Nearly seven years ago basketball fans in New Orleans received a promise of a better, brighter future. Not just a promise, but an actual delivery.
Tom Benson had just purchased the team, saving the franchise from possible relocation. The defection of All-NBA point guard less than eight months prior was no longer the crippling blow it seemed to be. Davis brought with him the promise of a brighter future. Success was inevitable, or so it seemed.
2,500 days-and-change later and there are no new banners. There are no championships. The Hornets have become the Pelicans. The New Orleans Arena is now the Smoothie King Center. Tom Benson passed away and his widow, Gayle, assumed ownership of the franchise.

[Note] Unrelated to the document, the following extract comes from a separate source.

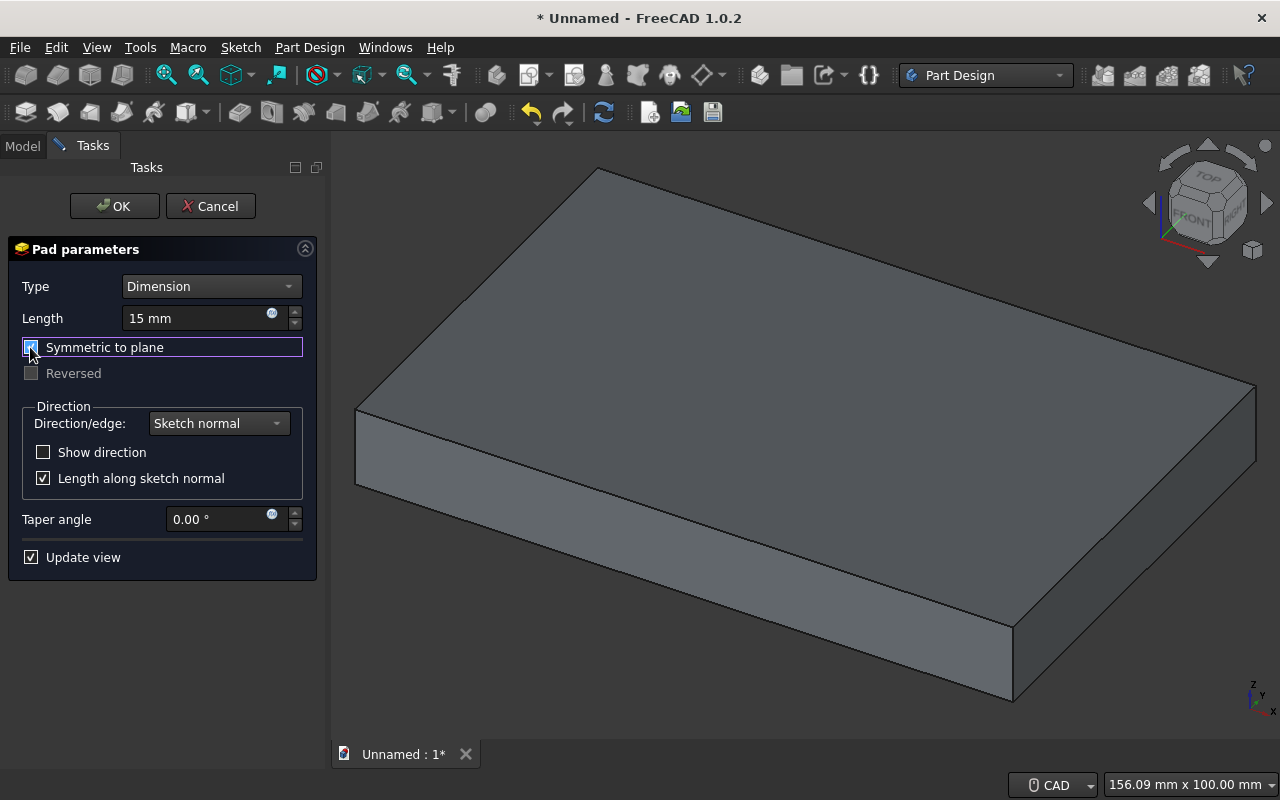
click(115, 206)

So much change, but so much has remained the same.
Losing. Losing has remained the same.
Save for a couple months of relative basketball bliss during the Pelicans march to the Western Conference Semifinals, a trip that would end in a swift defeat by the soon-to-be repeat champions, there has been very little to cheer about during Anthony Davis’ tenure in New Orleans.

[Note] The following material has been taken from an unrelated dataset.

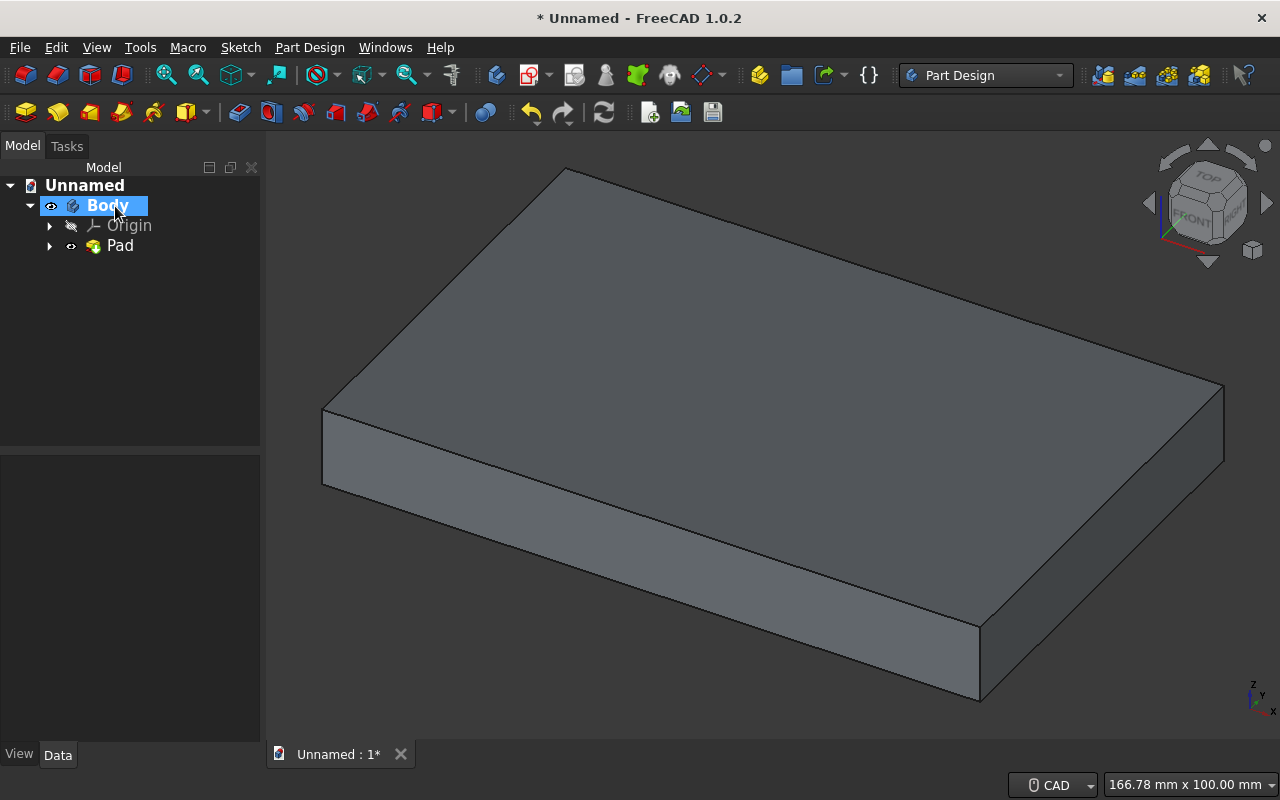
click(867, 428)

That is now the modus operandi for both parties and they’ve tried to navigate this sideshow the past three months since Davis requested a trade out of New Orleans. The Pelicans have been using every excuse not to play him, as they should. Davis has reciprocated with behavior that makes him look less beleaguered star and more petulant young-adult.
Now, the circus is coming to an end. The Pelicans won’t have to worry about Davis on the court any longer, and Davis will no longer have to navigate his own self-made minefield of public relations pitfalls that have greeted him at nearly every turn since his trade request.
There are many lessons to be learned from the Pelicans handling of Davis during his tenure here. Many of those same lessons can also apply to fans and media that have spent the near-entirety of these seven years acting as human shields warding off any necessary criticism of Davis. Perhaps the most bizarre spectacle during this time, outside of Davis’ trade request and the fallout that followed, was the six-and-a-half years of kid gloves approach to developing Davis that nearly everybody in the city had.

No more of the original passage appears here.